Use when: Real-time transcription, low-latency requirements, speaker identification

Overview

This skill packages Deepgram enterprise-grade speech-to-text capabilities for real-time and batch transcription with low latency and built-in speaker diarization. It targets high-throughput production use: live captioning, call centers, voice analytics, and technical audio. The implementation supports Node.js and Python SDKs and exposes model selection and streaming controls for latency and accuracy trade-offs.

How this skill works

The skill uses Deepgram’s SDKs and WebSocket streaming to send audio and receive transcripts with interim and final results. Batch transcription runs via REST/file uploads, returning formatted transcripts and word-level speaker labels when diarization is enabled.
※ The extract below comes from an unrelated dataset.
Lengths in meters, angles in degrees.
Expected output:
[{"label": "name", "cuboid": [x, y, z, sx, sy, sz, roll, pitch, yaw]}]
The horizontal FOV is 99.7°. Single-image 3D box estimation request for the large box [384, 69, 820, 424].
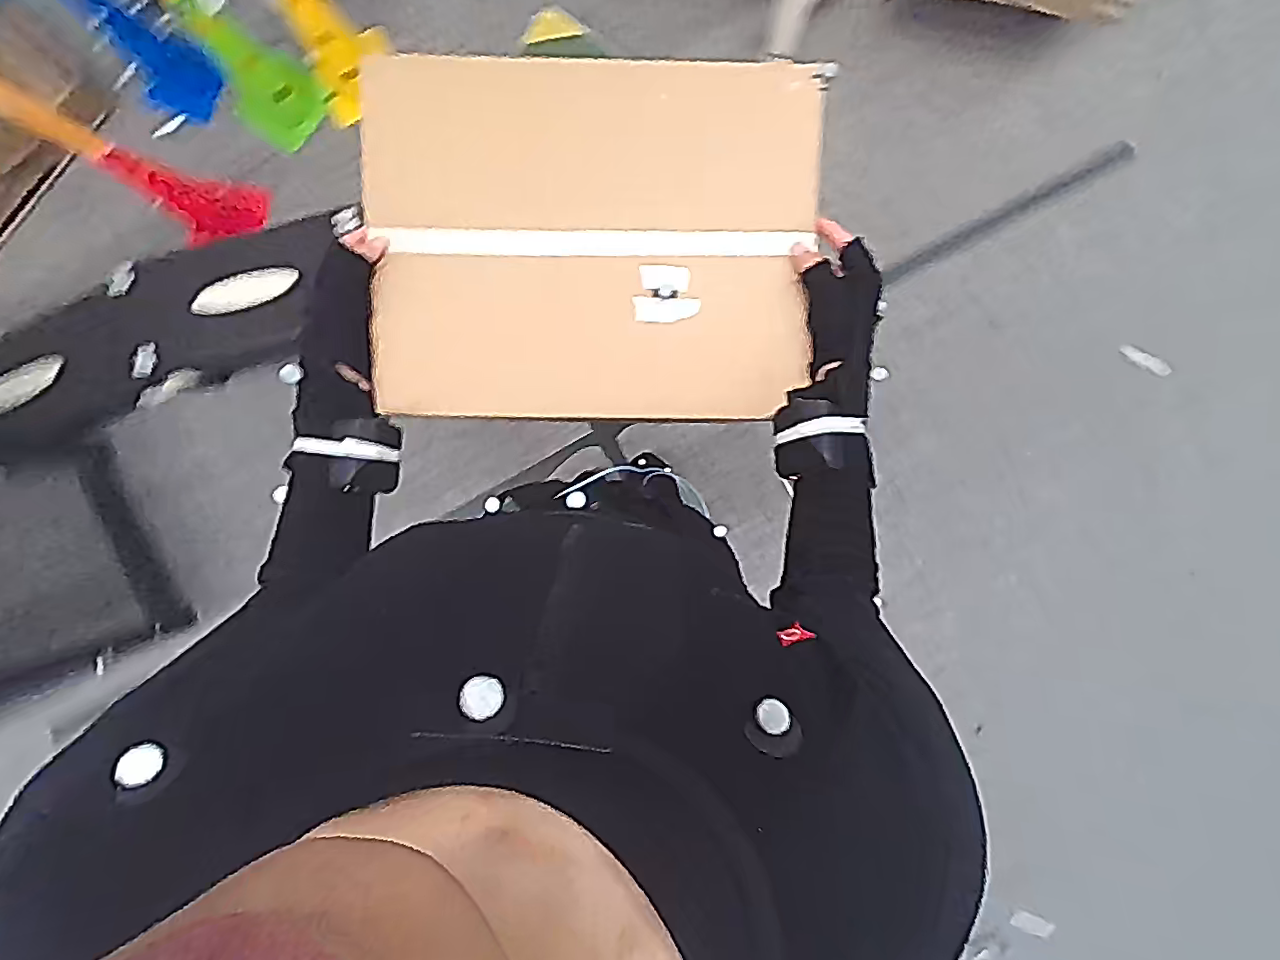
[{"label": "large box", "cuboid": [-0.041, -0.227, 0.652, 0.408, 0.320, 0.320, 1, 96, -2]}]

Model options (nova-3, whisper, enhanced) let you prioritize speed or accuracy; pricing is metered per minute with automatic volume tiers.

When to use it

Live captioning for events or broadcasts requiring sub-second latency.
Call center transcription with speaker diarization for agent/customer separation.
Voice analytics pipelines that need fast transcript availability for indexing.
Transcribing technical or medical audio where low WER matters.
Batch processing large audio archives where speed and cost efficiency matter.

Best practices

Choose nova-3 for general low-latency use, whisper when accuracy is prioritized.
Enable smart_format and punctuate to get readable, production-ready transcripts.
Use interim_results for responsive UIs, but rely on is_final for persistent storage.
Enable diarize for multi-speaker audio and map speaker labels to meeting metadata.
Chunk long streams into manageable segments to reduce memory and simplify retry logic.

Example use cases

Real-time captions for webinars and live streams with sub-second display.
Automated call summaries and QA in contact centers with speaker separation.
Indexer for searchable meeting archives with timestamped, speaker-labeled words.
Medical research transcription where technical accuracy and fast turnaround are required.

FAQ

What latency can I expect for streaming transcription?

Typical low-latency streaming runs around 0.2–0.3x real-time; final transcript availability depends on model and network conditions.

Does diarization increase cost or processing time?

Diarization is included and adds modest processing overhead; it can increase turnaround time slightly for batch jobs but is available in both real-time and prerecorded flows.